● **WORK INSTRUCTION**
Output all of the data below exactly as given.

########################################

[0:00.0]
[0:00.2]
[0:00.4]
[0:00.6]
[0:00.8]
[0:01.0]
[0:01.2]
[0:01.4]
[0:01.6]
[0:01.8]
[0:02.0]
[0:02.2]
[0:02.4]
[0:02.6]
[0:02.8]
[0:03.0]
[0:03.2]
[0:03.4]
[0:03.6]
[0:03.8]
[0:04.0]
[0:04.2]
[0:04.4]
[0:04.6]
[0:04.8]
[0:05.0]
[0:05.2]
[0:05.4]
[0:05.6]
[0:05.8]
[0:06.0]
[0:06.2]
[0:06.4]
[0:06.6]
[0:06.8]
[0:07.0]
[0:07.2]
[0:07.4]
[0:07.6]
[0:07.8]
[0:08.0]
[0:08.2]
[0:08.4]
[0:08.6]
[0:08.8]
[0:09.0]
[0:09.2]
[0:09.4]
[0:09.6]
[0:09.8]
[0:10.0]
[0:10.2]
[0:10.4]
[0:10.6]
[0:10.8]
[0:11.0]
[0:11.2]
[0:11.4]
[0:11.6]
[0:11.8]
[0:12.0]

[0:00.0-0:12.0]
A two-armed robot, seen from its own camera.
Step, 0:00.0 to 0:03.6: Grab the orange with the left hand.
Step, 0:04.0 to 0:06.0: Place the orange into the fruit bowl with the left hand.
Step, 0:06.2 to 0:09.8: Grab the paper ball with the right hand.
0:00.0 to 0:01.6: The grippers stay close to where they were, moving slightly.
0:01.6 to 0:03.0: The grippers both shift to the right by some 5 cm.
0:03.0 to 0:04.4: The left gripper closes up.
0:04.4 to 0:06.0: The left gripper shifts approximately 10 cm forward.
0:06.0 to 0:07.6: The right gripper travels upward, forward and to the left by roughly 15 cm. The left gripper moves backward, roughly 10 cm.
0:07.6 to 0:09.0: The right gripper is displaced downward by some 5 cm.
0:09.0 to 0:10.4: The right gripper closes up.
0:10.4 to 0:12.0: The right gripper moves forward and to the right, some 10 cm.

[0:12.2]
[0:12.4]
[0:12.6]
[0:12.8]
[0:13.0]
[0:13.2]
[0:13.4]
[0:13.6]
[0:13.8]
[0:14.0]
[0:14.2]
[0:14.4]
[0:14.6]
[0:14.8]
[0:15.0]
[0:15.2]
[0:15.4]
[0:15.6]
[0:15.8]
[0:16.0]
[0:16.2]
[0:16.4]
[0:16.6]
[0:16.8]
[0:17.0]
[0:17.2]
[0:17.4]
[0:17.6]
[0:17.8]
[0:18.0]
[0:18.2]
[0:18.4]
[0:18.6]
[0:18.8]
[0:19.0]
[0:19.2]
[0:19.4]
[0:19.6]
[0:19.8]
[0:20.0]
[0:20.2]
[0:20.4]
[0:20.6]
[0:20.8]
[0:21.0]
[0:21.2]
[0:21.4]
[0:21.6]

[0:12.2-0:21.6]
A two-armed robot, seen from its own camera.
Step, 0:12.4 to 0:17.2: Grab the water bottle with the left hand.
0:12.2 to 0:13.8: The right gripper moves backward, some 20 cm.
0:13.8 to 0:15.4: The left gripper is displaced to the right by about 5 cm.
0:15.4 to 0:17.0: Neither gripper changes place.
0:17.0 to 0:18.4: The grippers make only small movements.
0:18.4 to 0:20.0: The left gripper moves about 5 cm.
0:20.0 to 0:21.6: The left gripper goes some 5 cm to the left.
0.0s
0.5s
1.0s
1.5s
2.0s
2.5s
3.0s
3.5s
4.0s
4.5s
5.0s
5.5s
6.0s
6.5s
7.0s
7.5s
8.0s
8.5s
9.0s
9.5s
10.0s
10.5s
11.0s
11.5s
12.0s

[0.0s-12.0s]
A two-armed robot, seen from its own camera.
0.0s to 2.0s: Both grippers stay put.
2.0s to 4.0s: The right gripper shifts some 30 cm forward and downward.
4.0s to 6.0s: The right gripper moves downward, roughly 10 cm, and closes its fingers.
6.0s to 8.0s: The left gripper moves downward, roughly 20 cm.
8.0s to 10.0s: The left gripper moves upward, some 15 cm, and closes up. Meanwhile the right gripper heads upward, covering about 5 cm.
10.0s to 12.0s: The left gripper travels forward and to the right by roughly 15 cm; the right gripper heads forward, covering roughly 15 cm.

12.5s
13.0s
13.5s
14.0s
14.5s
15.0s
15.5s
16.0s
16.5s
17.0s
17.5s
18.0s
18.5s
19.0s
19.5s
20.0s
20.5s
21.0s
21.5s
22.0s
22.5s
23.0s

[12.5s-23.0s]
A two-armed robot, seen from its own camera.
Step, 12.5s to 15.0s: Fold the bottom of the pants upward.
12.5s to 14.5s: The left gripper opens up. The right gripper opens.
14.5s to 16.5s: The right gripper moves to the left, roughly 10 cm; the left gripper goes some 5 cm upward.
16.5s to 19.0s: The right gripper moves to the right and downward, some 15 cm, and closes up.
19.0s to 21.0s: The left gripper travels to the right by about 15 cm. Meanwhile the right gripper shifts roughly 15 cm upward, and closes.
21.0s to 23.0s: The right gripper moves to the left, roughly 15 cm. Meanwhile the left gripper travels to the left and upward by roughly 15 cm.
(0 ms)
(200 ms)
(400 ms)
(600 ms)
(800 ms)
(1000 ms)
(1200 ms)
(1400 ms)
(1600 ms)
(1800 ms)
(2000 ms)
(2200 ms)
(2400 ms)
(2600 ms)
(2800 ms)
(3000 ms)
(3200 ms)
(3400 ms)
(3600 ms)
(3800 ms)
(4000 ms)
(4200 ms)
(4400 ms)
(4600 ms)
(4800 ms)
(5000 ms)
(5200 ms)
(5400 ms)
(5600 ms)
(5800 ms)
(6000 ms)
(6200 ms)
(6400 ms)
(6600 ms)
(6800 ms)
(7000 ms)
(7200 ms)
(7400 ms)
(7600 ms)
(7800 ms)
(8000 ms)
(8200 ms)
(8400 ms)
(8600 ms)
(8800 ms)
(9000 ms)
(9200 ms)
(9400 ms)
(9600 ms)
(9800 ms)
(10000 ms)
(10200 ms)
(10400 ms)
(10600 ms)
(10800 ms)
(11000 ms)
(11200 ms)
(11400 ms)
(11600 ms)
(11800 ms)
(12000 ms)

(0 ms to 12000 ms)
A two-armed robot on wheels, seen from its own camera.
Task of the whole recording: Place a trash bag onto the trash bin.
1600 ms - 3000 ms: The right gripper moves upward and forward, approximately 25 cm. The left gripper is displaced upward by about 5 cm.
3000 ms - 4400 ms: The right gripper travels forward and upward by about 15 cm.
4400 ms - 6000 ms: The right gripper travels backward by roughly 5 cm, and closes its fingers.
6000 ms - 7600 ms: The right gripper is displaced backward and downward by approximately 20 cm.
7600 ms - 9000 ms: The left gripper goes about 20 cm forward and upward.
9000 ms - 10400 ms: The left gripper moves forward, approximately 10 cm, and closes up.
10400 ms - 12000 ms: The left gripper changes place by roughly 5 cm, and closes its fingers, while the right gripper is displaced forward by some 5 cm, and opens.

########################################

● **REPLY**
[0:00.0]
[0:00.2]
[0:00.4]
[0:00.6]
[0:00.8]
[0:01.0]
[0:01.2]
[0:01.4]
[0:01.6]
[0:01.8]
[0:02.0]
[0:02.2]
[0:02.4]
[0:02.6]
[0:02.8]
[0:03.0]
[0:03.2]
[0:03.4]
[0:03.6]
[0:03.8]
[0:04.0]
[0:04.2]
[0:04.4]
[0:04.6]
[0:04.8]
[0:05.0]
[0:05.2]
[0:05.4]
[0:05.6]
[0:05.8]
[0:06.0]
[0:06.2]
[0:06.4]
[0:06.6]
[0:06.8]
[0:07.0]
[0:07.2]
[0:07.4]
[0:07.6]
[0:07.8]
[0:08.0]
[0:08.2]
[0:08.4]
[0:08.6]
[0:08.8]
[0:09.0]
[0:09.2]
[0:09.4]
[0:09.6]
[0:09.8]
[0:10.0]
[0:10.2]
[0:10.4]
[0:10.6]
[0:10.8]
[0:11.0]
[0:11.2]
[0:11.4]
[0:11.6]
[0:11.8]
[0:12.0]

[0:00.0-0:12.0]
A two-armed robot, seen from its own camera.
Step, 0:00.0 to 0:03.6: Grab the orange with the left hand.
Step, 0:04.0 to 0:06.0: Place the orange into the fruit bowl with the left hand.
Step, 0:06.2 to 0:09.8: Grab the paper ball with the right hand.
0:00.0 to 0:01.6: The grippers stay close to where they were, moving slightly.
0:01.6 to 0:03.0: The grippers both shift to the right by some 5 cm.
0:03.0 to 0:04.4: The left gripper closes up.
0:04.4 to 0:06.0: The left gripper shifts approximately 10 cm forward.
0:06.0 to 0:07.6: The right gripper travels upward, forward and to the left by roughly 15 cm. The left gripper moves backward, roughly 10 cm.
0:07.6 to 0:09.0: The right gripper is displaced downward by some 5 cm.
0:09.0 to 0:10.4: The right gripper closes up.
0:10.4 to 0:12.0: The right gripper moves forward and to the right, some 10 cm.

[0:12.2]
[0:12.4]
[0:12.6]
[0:12.8]
[0:13.0]
[0:13.2]
[0:13.4]
[0:13.6]
[0:13.8]
[0:14.0]
[0:14.2]
[0:14.4]
[0:14.6]
[0:14.8]
[0:15.0]
[0:15.2]
[0:15.4]
[0:15.6]
[0:15.8]
[0:16.0]
[0:16.2]
[0:16.4]
[0:16.6]
[0:16.8]
[0:17.0]
[0:17.2]
[0:17.4]
[0:17.6]
[0:17.8]
[0:18.0]
[0:18.2]
[0:18.4]
[0:18.6]
[0:18.8]
[0:19.0]
[0:19.2]
[0:19.4]
[0:19.6]
[0:19.8]
[0:20.0]
[0:20.2]
[0:20.4]
[0:20.6]
[0:20.8]
[0:21.0]
[0:21.2]
[0:21.4]
[0:21.6]

[0:12.2-0:21.6]
A two-armed robot, seen from its own camera.
Step, 0:12.4 to 0:17.2: Grab the water bottle with the left hand.
0:12.2 to 0:13.8: The right gripper moves backward, some 20 cm.
0:13.8 to 0:15.4: The left gripper is displaced to the right by about 5 cm.
0:15.4 to 0:17.0: Neither gripper changes place.
0:17.0 to 0:18.4: The grippers make only small movements.
0:18.4 to 0:20.0: The left gripper moves about 5 cm.
0:20.0 to 0:21.6: The left gripper goes some 5 cm to the left.
0.0s
0.5s
1.0s
1.5s
2.0s
2.5s
3.0s
3.5s
4.0s
4.5s
5.0s
5.5s
6.0s
6.5s
7.0s
7.5s
8.0s
8.5s
9.0s
9.5s
10.0s
10.5s
11.0s
11.5s
12.0s

[0.0s-12.0s]
A two-armed robot, seen from its own camera.
0.0s to 2.0s: Both grippers stay put.
2.0s to 4.0s: The right gripper shifts some 30 cm forward and downward.
4.0s to 6.0s: The right gripper moves downward, roughly 10 cm, and closes its fingers.
6.0s to 8.0s: The left gripper moves downward, roughly 20 cm.
8.0s to 10.0s: The left gripper moves upward, some 15 cm, and closes up. Meanwhile the right gripper heads upward, covering about 5 cm.
10.0s to 12.0s: The left gripper travels forward and to the right by roughly 15 cm; the right gripper heads forward, covering roughly 15 cm.

12.5s
13.0s
13.5s
14.0s
14.5s
15.0s
15.5s
16.0s
16.5s
17.0s
17.5s
18.0s
18.5s
19.0s
19.5s
20.0s
20.5s
21.0s
21.5s
22.0s
22.5s
23.0s

[12.5s-23.0s]
A two-armed robot, seen from its own camera.
Step, 12.5s to 15.0s: Fold the bottom of the pants upward.
12.5s to 14.5s: The left gripper opens up. The right gripper opens.
14.5s to 16.5s: The right gripper moves to the left, roughly 10 cm; the left gripper goes some 5 cm upward.
16.5s to 19.0s: The right gripper moves to the right and downward, some 15 cm, and closes up.
19.0s to 21.0s: The left gripper travels to the right by about 15 cm. Meanwhile the right gripper shifts roughly 15 cm upward, and closes.
21.0s to 23.0s: The right gripper moves to the left, roughly 15 cm. Meanwhile the left gripper travels to the left and upward by roughly 15 cm.
(0 ms)
(200 ms)
(400 ms)
(600 ms)
(800 ms)
(1000 ms)
(1200 ms)
(1400 ms)
(1600 ms)
(1800 ms)
(2000 ms)
(2200 ms)
(2400 ms)
(2600 ms)
(2800 ms)
(3000 ms)
(3200 ms)
(3400 ms)
(3600 ms)
(3800 ms)
(4000 ms)
(4200 ms)
(4400 ms)
(4600 ms)
(4800 ms)
(5000 ms)
(5200 ms)
(5400 ms)
(5600 ms)
(5800 ms)
(6000 ms)
(6200 ms)
(6400 ms)
(6600 ms)
(6800 ms)
(7000 ms)
(7200 ms)
(7400 ms)
(7600 ms)
(7800 ms)
(8000 ms)
(8200 ms)
(8400 ms)
(8600 ms)
(8800 ms)
(9000 ms)
(9200 ms)
(9400 ms)
(9600 ms)
(9800 ms)
(10000 ms)
(10200 ms)
(10400 ms)
(10600 ms)
(10800 ms)
(11000 ms)
(11200 ms)
(11400 ms)
(11600 ms)
(11800 ms)
(12000 ms)

(0 ms to 12000 ms)
A two-armed robot on wheels, seen from its own camera.
Task of the whole recording: Place a trash bag onto the trash bin.
1600 ms - 3000 ms: The right gripper moves upward and forward, approximately 25 cm. The left gripper is displaced upward by about 5 cm.
3000 ms - 4400 ms: The right gripper travels forward and upward by about 15 cm.
4400 ms - 6000 ms: The right gripper travels backward by roughly 5 cm, and closes its fingers.
6000 ms - 7600 ms: The right gripper is displaced backward and downward by approximately 20 cm.
7600 ms - 9000 ms: The left gripper goes about 20 cm forward and upward.
9000 ms - 10400 ms: The left gripper moves forward, approximately 10 cm, and closes up.
10400 ms - 12000 ms: The left gripper changes place by roughly 5 cm, and closes its fingers, while the right gripper is displaced forward by some 5 cm, and opens.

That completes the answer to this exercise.